NH₃ TPD experiments were performed at 1.2, 2.4, 3.6, and 4.5 bar using a total volumetric flow rate during adsorption of 300 NmL/min containing 9% O₂, 8% H₂O, and 600 ppm NH₃ in N₂. A typical set of data for TPD at 1.2 bar is shown in Fig. 5. Similar plots for 2.4, 3.6, and 4.5 bar and a zoom of the NH₃ peaks can be found in the online supplementary material.

Fig. 5

NH₃ TPD at a pressure of 1.2 bar. NH₃ adsorption is performed at four different temperatures (150, 200, 250, and 300 °C), using a total volumetric flow rate during adsorption of 300 NmL/min containing 9% O₂, 8% H₂O, and ~600 ppm NH₃ in N₂

Figure 5 shows that loosely bound NH₃ desorbs during the 1-hour flush, while the rest of the NH₃ is released during the temperature ramp. No NH₃ was released during the 20-min isotherm at 420 °C. Integration of the data for the desorption of NH₃ was performed at each pressure and temperature, to calculate the amount of NH₃ adsorbed on the surface of the catalyst. Integration of the full desorption curve was performed, but also the heating ramp peak only. The blank experiments, performed without a catalyst, resulted in full desorption backgrounds of 97, 150, 166, and 166 μmol/g_cat NH₃ at 150 °C, and a pressure of 1.2, 2.4, 3.6, and 4.5 bar, respectively. The background integration was divided by the amount of catalyst used in the actual experiments, to ease comparison. The backgrounds were withdrawn from the integration, and the NH₃ adsorbed on the surface of the catalyst was calculated as shown in Fig. 6.

Fig. 6

The amount (μmol NH₃/g_cat) of NH₃ adsorbed on the catalyst for the full desorption curve (a) and for the desorption peak during the ramp (b). It should be noted that the measured blank values have been subtracted for both cases

Figure 6 shows that in general the ammonia, adsorption increases as the pressure increases, and that the ammonia adsorption decreases as the adsorption temperature increases. Figure 6a shows that at the high adsorption temperature of 300 °C, the adsorption capacity of the catalyst is similar at pressures above 2.4 bar. At this high temperature, the amount of NH₃ stored on the catalyst is low, and hence, the small increase, at increased pressure, is likely hidden within the uncertainty (± 5% of the mean) of the blank experiments. Figure 6b shows more clearly the increased adsorption at increased pressure, also at 300 °C. It should be noted that even though the NH₃ adsorption increases with the increasing pressure, the steady-state NO_x reduction was found to be independent of the pressure, and hence does not affect the SCR reaction, as will be further discussed during the kinetic modeling.

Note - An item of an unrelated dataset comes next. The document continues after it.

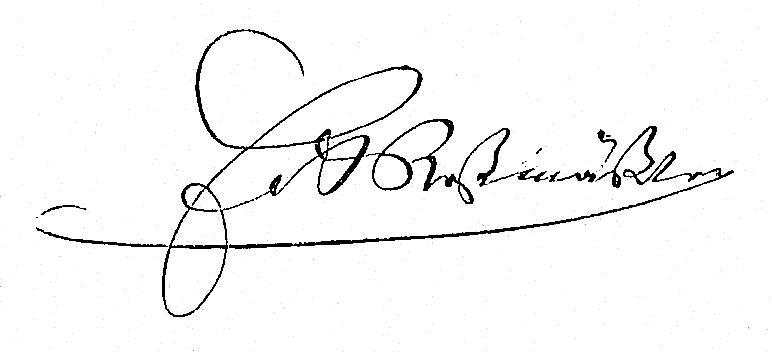
Signature of: emil adolf rossmässler
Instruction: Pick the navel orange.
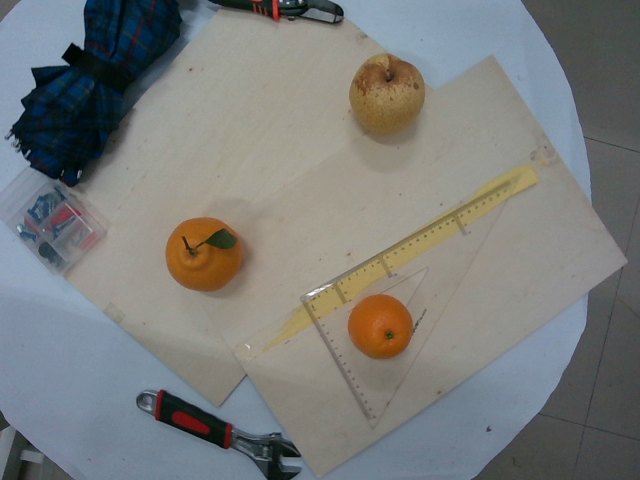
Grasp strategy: vertical

Figure 6a shows that by increasing the pressure 3.8 times (from 1.2 to 4.5 bar), the amount of NH₃ stored on the catalyst increases by 36% at a temperature of 150 °C. Bank et al. [34] reported for a washcoated monolith that the integral ammonia storage for a 100 cpsi vanadium-based SCR catalyst increased by approximately 70% by changing the pressure from 1 to 2 bar at 215 °C. The reason for the difference between the results reported by Bank et al., and the results obtained here is not clear, but may be related to the catalyst composition which was not disclosed in their study. Furthermore, Bank et al. [34] did not report if blank experiments were performed and subtracted, which is an important issue due to the increased mass of gas contained within the setup at increased pressure. For instance, if the blank is not subtracted, the adsorption at 150 °C increases by 46% instead of 35% when the pressure is increased by a factor 4. The blank experiments depend on the dynamics of the experimental facility, and for larger facilities, for instance using monoliths such as that used by Bank et al. [34], the effect of the blank experiment is expected to increase.

3.2.1 Modeling of the Transient Adsorption/Desorption Experiments

A transient model was set up in order to obtain the kinetics describing the adsorption-desorption processes. The gas phase concentration of NH₃ was modeled similarly to Lietti et al. [46] as an isothermal plug flow reactor, which was simplified in this study as CSTRs in series. Diffusion limitations and axial dispersion were estimated to be negligible as shown in the online supplementary material. The gas phase concentration and the surface coverage of NH₃ are therefore given by Eqs. (7) and (8).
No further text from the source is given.